Der ÖAMTC stellt postwendend eine katastrophale Rechnung auf: "Jedes Jahr, in dem der Lobau-Tunnel später fertiggestellt wird, entstehen auf der überlasteten Südosttangente über 500 Millionen Euro an vermeidbaren Staukosten. Zusätzlich werden beinahe 75.000 Tonnen an Treibhausgasen freigesetzt - mehr als eineinhalbmal so viel, wie der gesamte Inlandsflugverkehr pro Jahr produziert. Eine Verschiebung oder gar Verhinderung des Lobautunnels spart keine CO2-Emissionen und Kosten ein, sondern sorgt für eine höhere Belastung bei Umwelt und Betroffenen", erklärt Bernhard Wiesinger, Leiter der ÖAMTC-Interessenvertretung. Grund dafür seien Überlastungsstaus auf der Südosttangente, die nach Bau des Lobautunnels der Vergangenheit angehören würden.
Dem widerspricht Umweltaktivist Wolfgang Rehm. Die Erwartungshaltung, dass der Stau auf der A23 durch die Lobauautobahn weniger werde, sei ebenso ein "Denkfehler" wie die Meinung, dass nur Stau Emissionen verursache, so der Sprecher der Öko-Organisation Virus.
Auch Einwände der Länder Wien und Niederösterreich wischt Rehm vom Tisch. Weder seien naturschutzrechtliches und wasserrechtliches Verfahren zum Lobautunnel abgeschlossen, wie Wiens Bürgermeister Ludwig behauptet hatte, noch handle es sich – wie NÖ-Landesrat Schieritzko insinuiert hätte – beim Eintrag im Verzeichnis des Bundesstraßengesetzes um einen Auftrag, aus dem sich eine Umsetzungsfrist oder ein "Anspruch auf eine dreistellige Millioneninvestition" ergebe.
Die zuständige Umwelt- und Verkehrsministerin Leonore Gewessler bekräftigte indes in der "ZiB2" die Absicht, die offenen Straßenprojekte einem neuerlichen Check zu unterziehen – und dabei könne es auch sein, dass man vor dreißig Jahren getroffene Entscheidungen aus heutiger Sicht als nicht mehr vernünftig erachte.
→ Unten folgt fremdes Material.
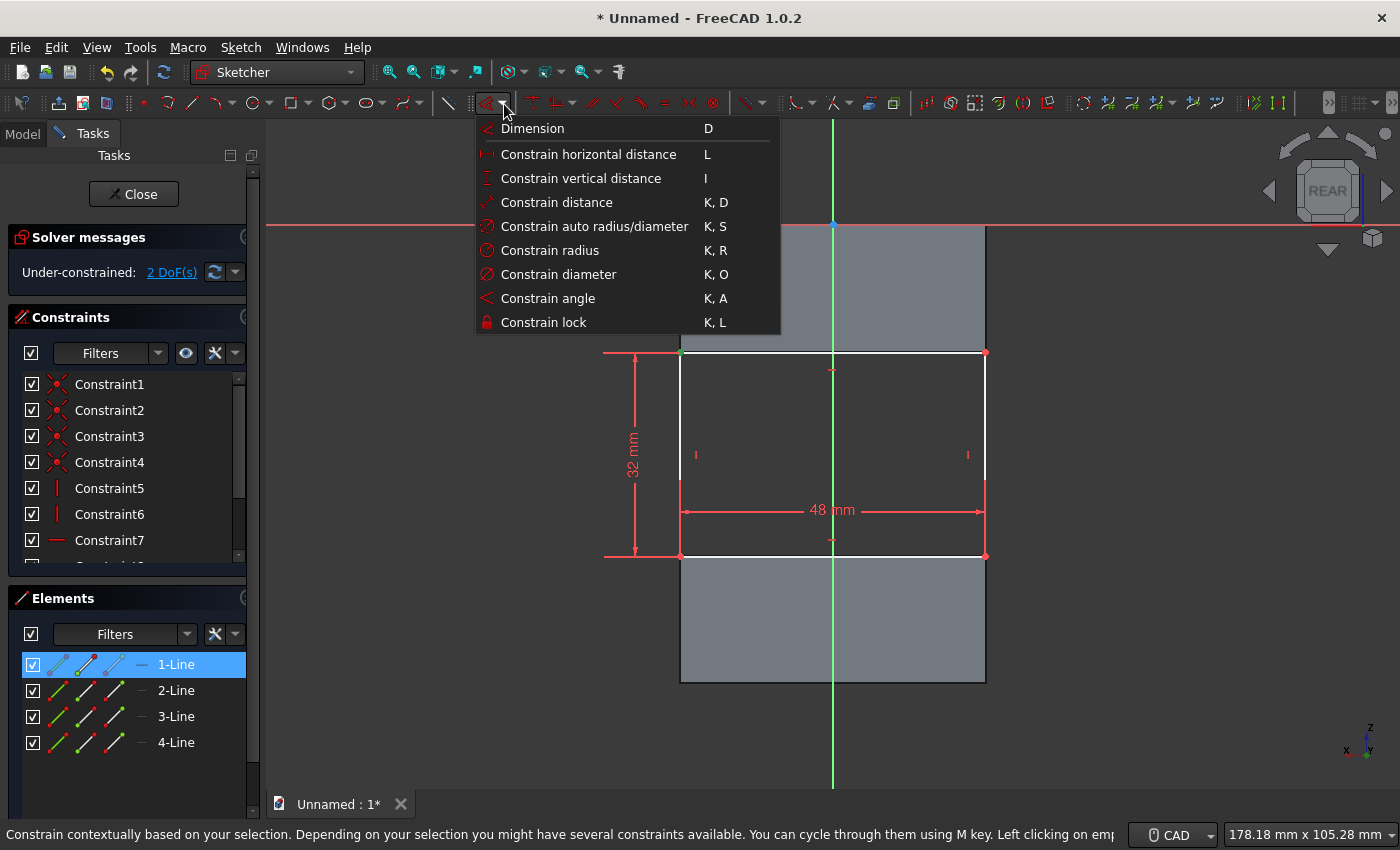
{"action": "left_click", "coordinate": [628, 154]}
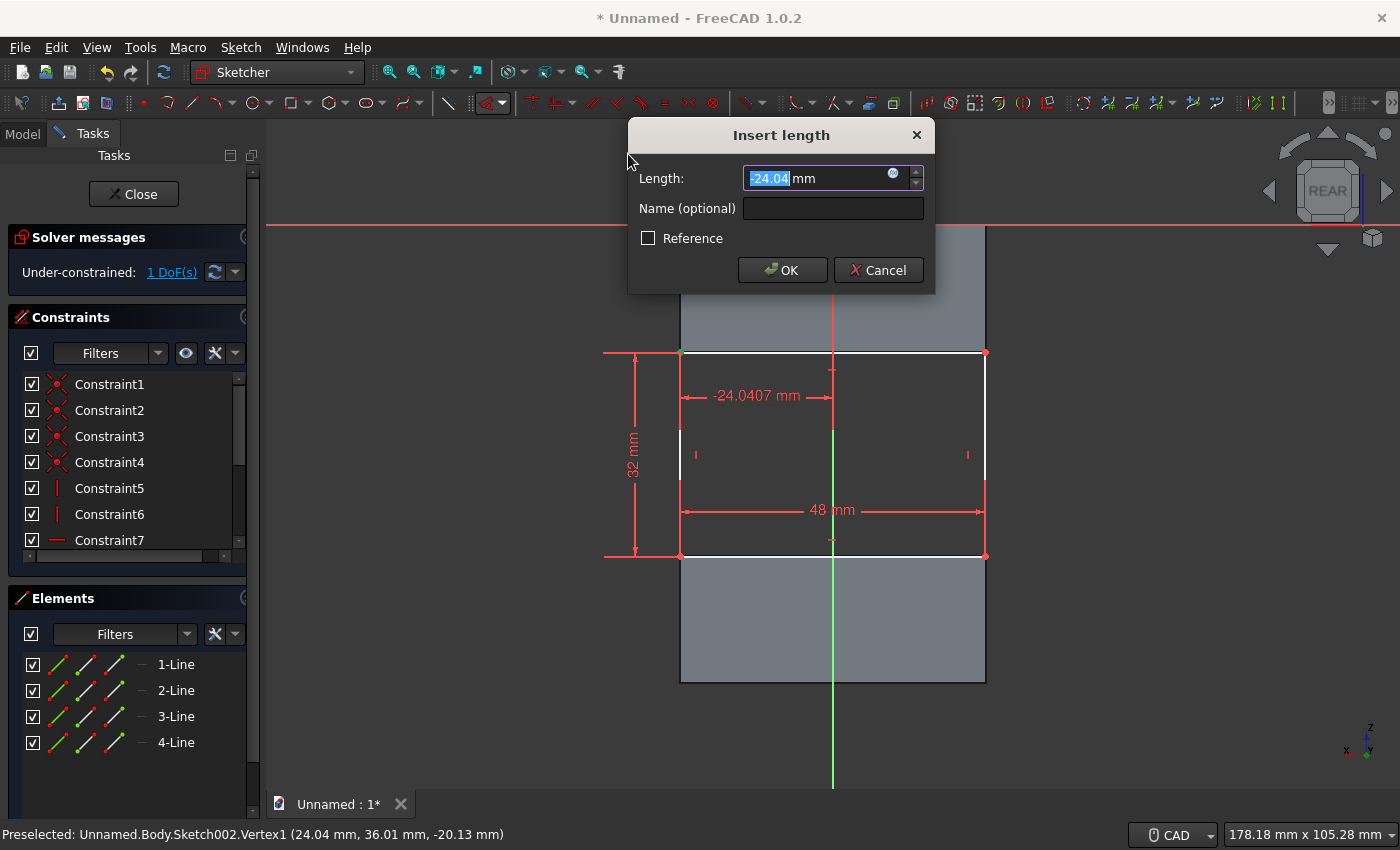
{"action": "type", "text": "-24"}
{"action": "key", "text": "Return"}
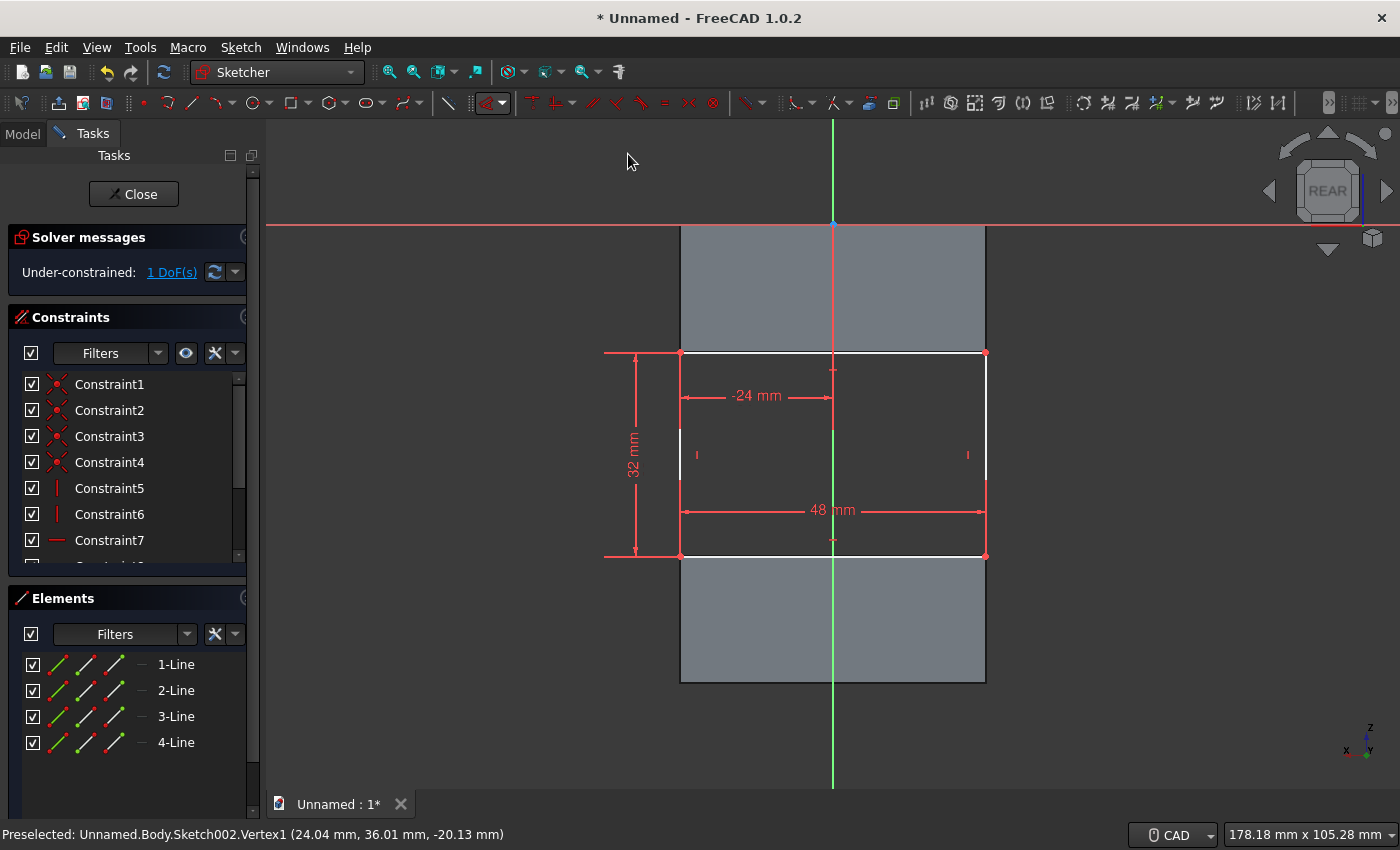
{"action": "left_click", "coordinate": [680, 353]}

Sprich: Möglich, dass doch nicht gebaut wird. Der Frage, ob sie ernsthaft glaube, dass Koalitionspartner ÖVP da mitziehe, wich sie mit Verweis auf das Regierungsprogramm aus.
Was der Ministerin seitens des FPÖ-Abgeordneten Christian Hafenecker einen markigen Rüffel eintrug: Gewessler sei die "Totengräberin der Verkehrspolitik". Die infrage gestellten Verkehrsprojekte seien für die jeweiligen Regionen und für den Standort Österreich im Allgemeinen unerlässlich, stellte der Mandatar fest.